- Born: Jilçaria Cruz Costa 20 December 1932 (age 93) Rio de Janeiro, RJ, Brazil
- Died: 25 January 2009 (aged 76) Rio de Janeiro, RJ, Brazil
- Other name: Tia Doca da Portela
- Occupations: Samba composer singer
- Years active: 1970–2008
- Spouse: Altair Costa
- Children: 3

= Tia Doca =

Jilçaria Cruz Costa, known as Tia Doca da Portela or Tia Doca (20 December 1932 – 25 January 2009) was a Brazilian samba composer and singer. She began working as a flagbearer for the samba school Unidos da Congonha and joined the Velha Guarda da Portela in 1970, performing samba music and sang in various events the school promoted in countries such as France, Italy and the United States. Doca recorded music on several albums from 1970 to 2007 with such artists as Beth Carvalho and Zeca Pagodinho.

==Early life==
Doca was born Jilçaria Cruz Costa on 20 December 1932 in Rio de Janeiro, RJ, Brazil. Her mother, Dona Albertinha, was Prazer da Serrinha's inaugural flagbearer. Doca began going to watch her mother perform the samba from the age of five, and she began working as a flagbearer for the samba school Unidos da Congonha in Rio de Janeiro's Vaz Lobo neighbourhood.

==Career==
Following a suggestion by Alberto Lonato, she joined the Velha Guarda da Portela in 1970. Doca did the samba and sang during her time at the school in various events that it promoted in locations such as France, Italy and the United States.

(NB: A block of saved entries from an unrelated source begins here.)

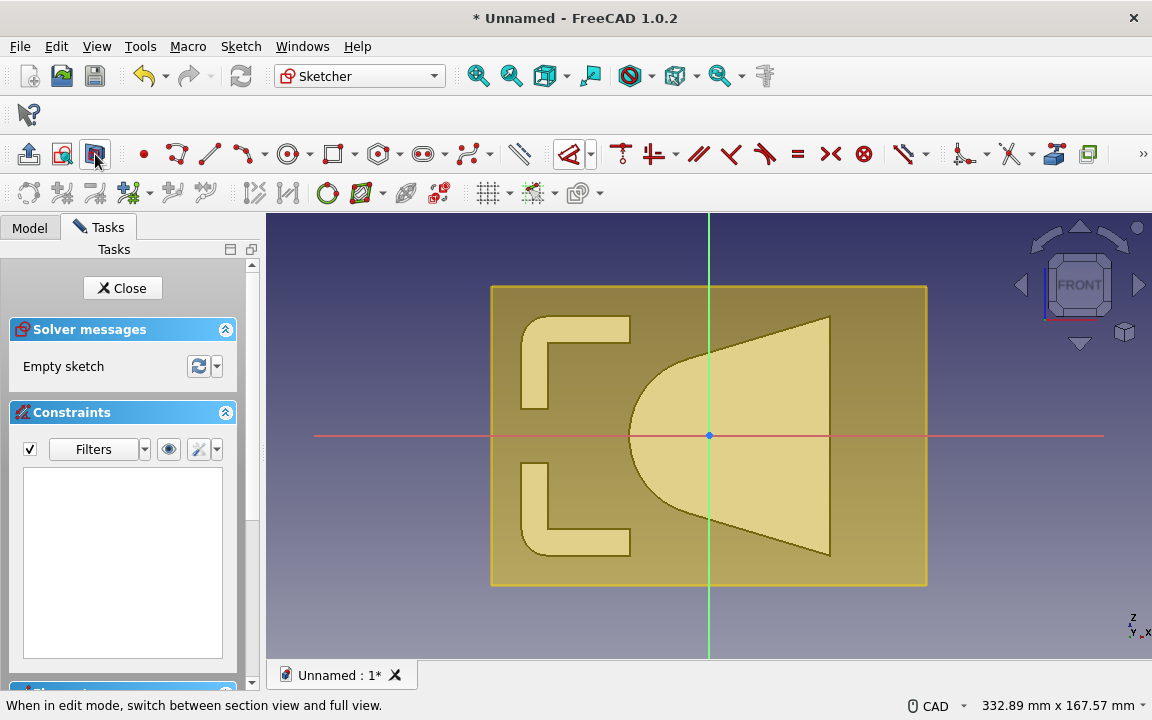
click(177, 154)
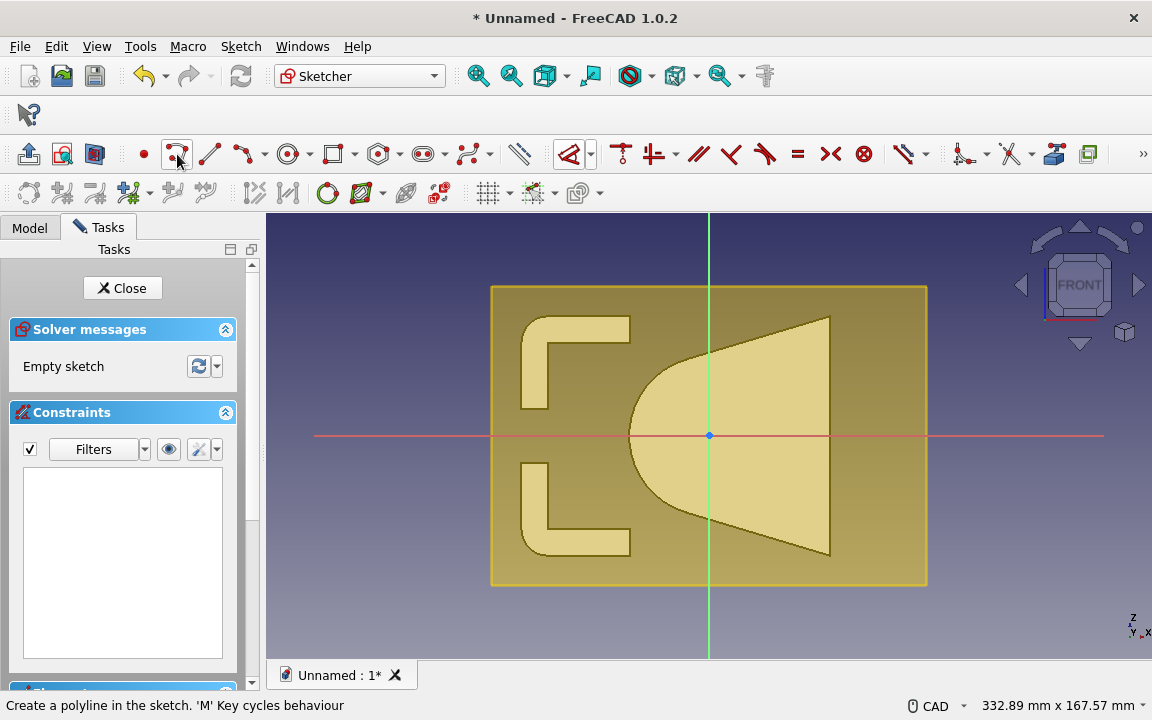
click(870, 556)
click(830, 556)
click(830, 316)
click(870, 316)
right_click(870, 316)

She recorded music on several records and CDs that were released between 1970 and 2007 and recorded with such artists as Beth Carvalho and Zeca Pagodinho. She also worked as a maid and weaver prior to her focusing fully on samba music.

In 1970, Doca released Portela, passado de glória on LP and followed with Portela Selo Marcos Pereira on the same medium four years later. She went on to be featured on both Monarco e Velha-Guarda da Portela Gravadora (in a duet with Monarco) and Terreiro Gravadora in 1980 as well as Cristina, de Cristina Buarque (participação) in 1981, Histórias do céu e da terra infantil in 1984 and Doce recordação - Velha-Guarda da Portela in 1986 over the course of the decade. Doca released Homenagem a Paulo da Portela in 1990 followed by Resgate, de Cristina Buarque four years later, then Cilico Amigos = Parceria in 1995 and Velhas companheiras with the music group Velha Guarda da Mangueira in 1999.

She participated along with some of the artists in she worked with for the album Pagode da Tia Doca which was released in 2000. That same year, Doca released Casa de Samba 4, Doce recordação with the Velha Guarda da Portela and Tudo azul Selo Phonomotor all on CD. She participated on the albums Casquinha da Portela, A Música de Paulinho da Viola, Deixa a vida me levar, de Zeca Pagodinho and Um ser de luz - saudação à Clara Nunes over the following three years. Doca was also a featured artist on the 2003 re-release of the compilation album O Canto dos Escravos. She was a participant on the 2005 album À vera and Cidade do Samba two years later. In 2008, Doca was in the Marisa Monte-produced documentary O Mistério do Samba. She also authored the sambas Temporal and Orgulho Negro as a composer, the latter of which was performed by Jovelina Pérola Negra.

==Personal life==
Her husband was Altair Costa, and the couple had three children. On 17 January 2009, Doca had a stroke and was transported to the intensive care unit of Hospital Municipal Carlos Chagas, in Rio's Marechal Hermes neighbourhood. She was later taken to Hospital Central do Iaserj, where she died eight days later. Doca's funeral was held before approximately 100 people at the Cemitério de Irajá on the afternoon of 26 January.